Search code examples
pythontensorflowkerasloss-functionautoencoder

Correct implementation of Autoencoder MSE loss function in TF2/Keras


Can someone explain me the difference between the following two please?

Assuming a vanilla Autoencoder with real-valued inputs, according to this and this sources, its loss function should be as follows. In other words a) for each element in an example we calculate the square difference, b) we perform a summation over all elements of the example, and c) we take the mean over all examples.

def MSE_custom(y_true, y_pred):
    return tf.reduce_mean(
        0.5 * tf.reduce_sum(
            tf.square(tf.subtract(y_true, y_pred)),
            axis=1
            )
        )

However, in the majority of implementations I see: autoencoder.compile(loss='mse', ...).

I fail to see how the two are the same. Consider this example:

y_true = [[0.0, 1.0, 0.0], [0.0, 0.0, 1.0], [1.0, 1.0, 1.0]]
y_pred = [[0.0, 0.8, 0.9], [0.5, 0.7, 0.6], [0.8, 0.7, 0.5]]

result1 = MSE_custom(y_true, y_pred)  # 0.355 

mse = tf.keras.losses.MeanSquaredError(reduction=tf.keras.losses.Reduction.AUTO)
result2 = mse(y_true, y_pred)  # 0.237

What am I missing?


Solution

  • There are two differences.

    1. The Keras loss averages over all dimensions, i.e. your reduce_sum should be replaced by reduce_mean.
    2. The Keras loss does not multiply by 0.5.

    In your case, you have three dimensions, so we can get to the Keras loss from your result by dividing by 3 (to simulate the averaging) and multiplying by 2. As it turns out, 0.355 * 2/3 == 0.237 (roughly).
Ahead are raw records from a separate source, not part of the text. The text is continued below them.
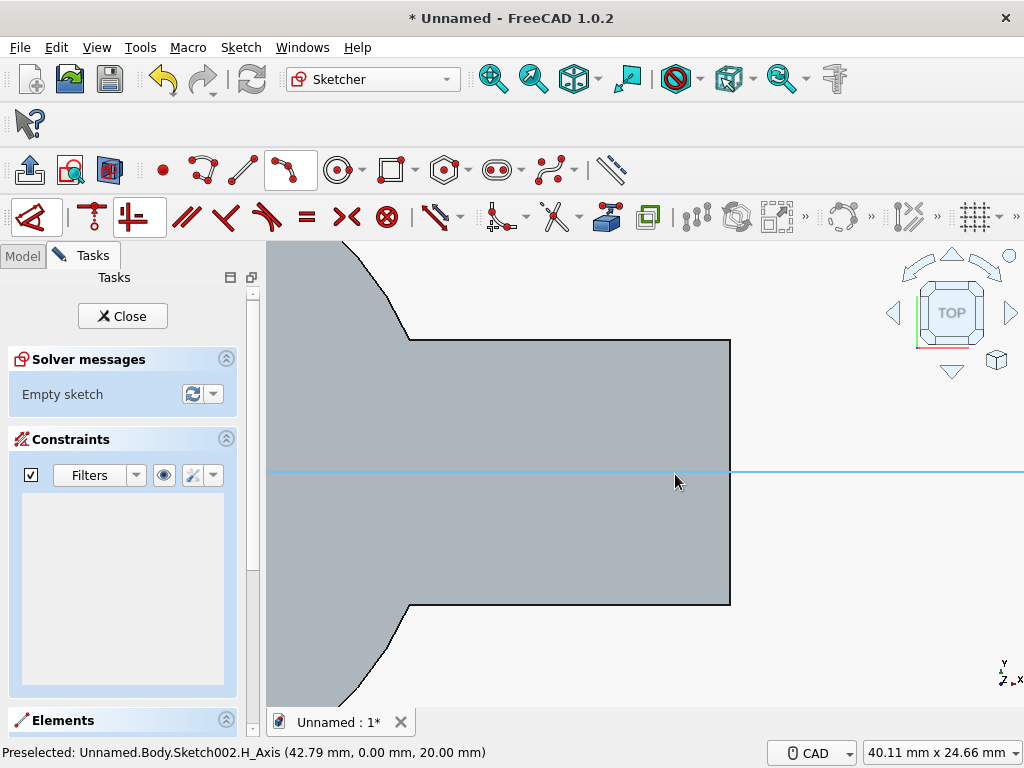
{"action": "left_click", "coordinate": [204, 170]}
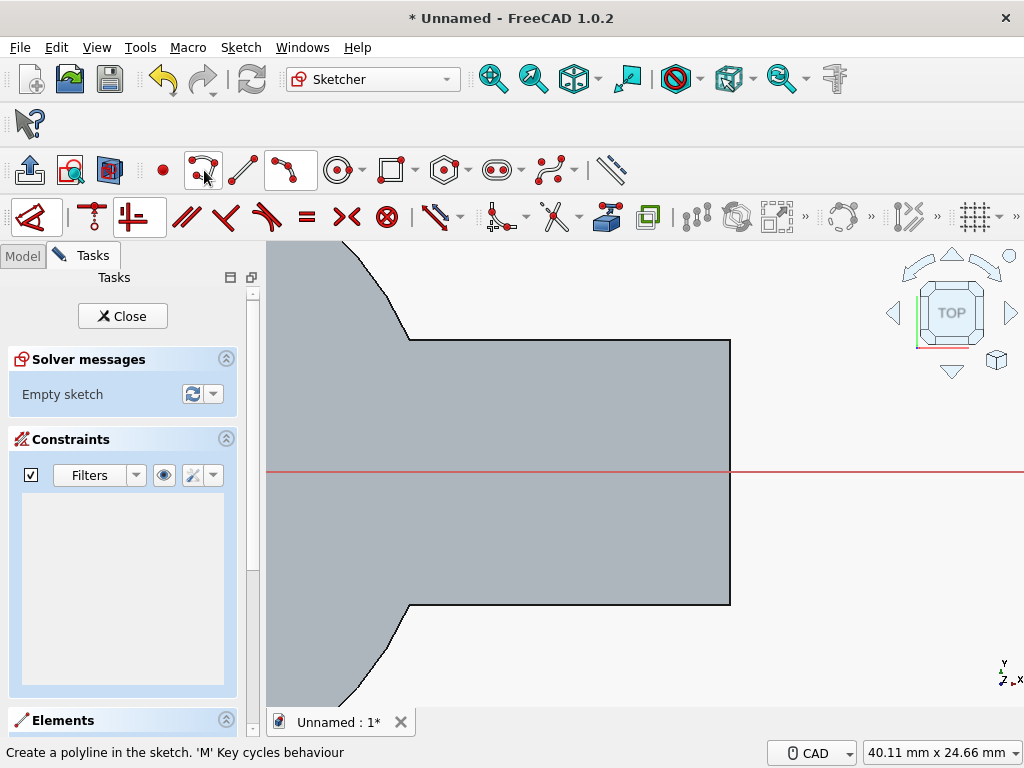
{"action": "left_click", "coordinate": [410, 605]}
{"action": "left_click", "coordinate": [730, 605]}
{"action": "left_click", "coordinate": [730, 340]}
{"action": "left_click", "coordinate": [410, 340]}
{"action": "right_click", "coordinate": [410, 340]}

    These changes might throw you off, but they are ultimately irrelevant because both dividing by N as well as multiplying by 2 are constant factors, and as such only provide a constant factor to the gradients as well.

    Edit: The following computation should give you the same result as the Keras loss:

    mse_custom = tf.reduce_mean((y_true - y_pred)**2)
    

    I use overloaded Python operators instead of TF ops for simplicity (subtract/square). This simply averages the entire 2D matrix at once, which is the same as computing an average over axis 1 and then averaging that over axis 0.